As for the magnetic properties of the magnetic particle powder, the coercive force (Hc) is preferably 95.5 to 397.9 kA / m, more preferably 119.4 to 318.3 kA / m, and the saturation magnetization value is 40 to 200 Am ² / m. kg is preferred, more preferably 42 to 180 Am ² / kg.

  As the binder resin, the binder resin used for producing the nonmagnetic underlayer can be used.

  The back coat layer in the present invention preferably contains an antistatic agent and inorganic particle powder together with the binder resin for the purpose of reducing the surface electrical resistance value and improving the strength of the back coat layer. Further, if necessary, a lubricant, an abrasive and the like used for production of a normal magnetic recording medium may be contained.
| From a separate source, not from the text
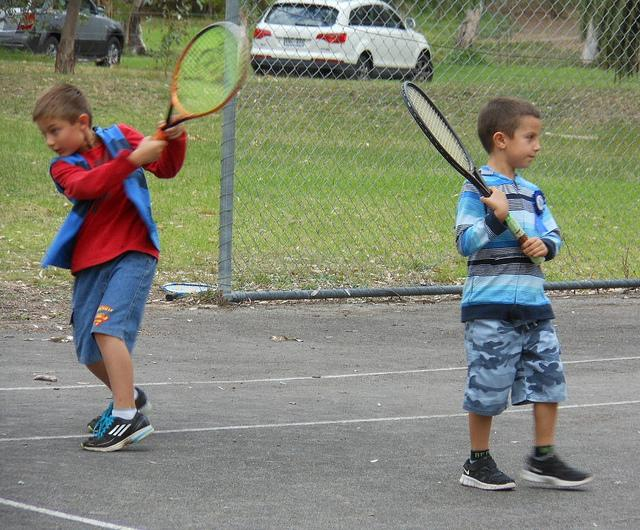What is the first name of the boy in the red's favorite hero? superman

  As the binder resin and the antistatic agent, the binder resin and the antistatic agent used for producing the nonmagnetic underlayer and the magnetic recording layer can be used.

  As the inorganic powder, one or more selected from alumina, hematite, goethite, titanium oxide, silica, chromium oxide, cerium oxide, zinc oxide, silicon nitride, boron nitride, silicon carbide, calcium carbonate, barium sulfate, etc. Can be used.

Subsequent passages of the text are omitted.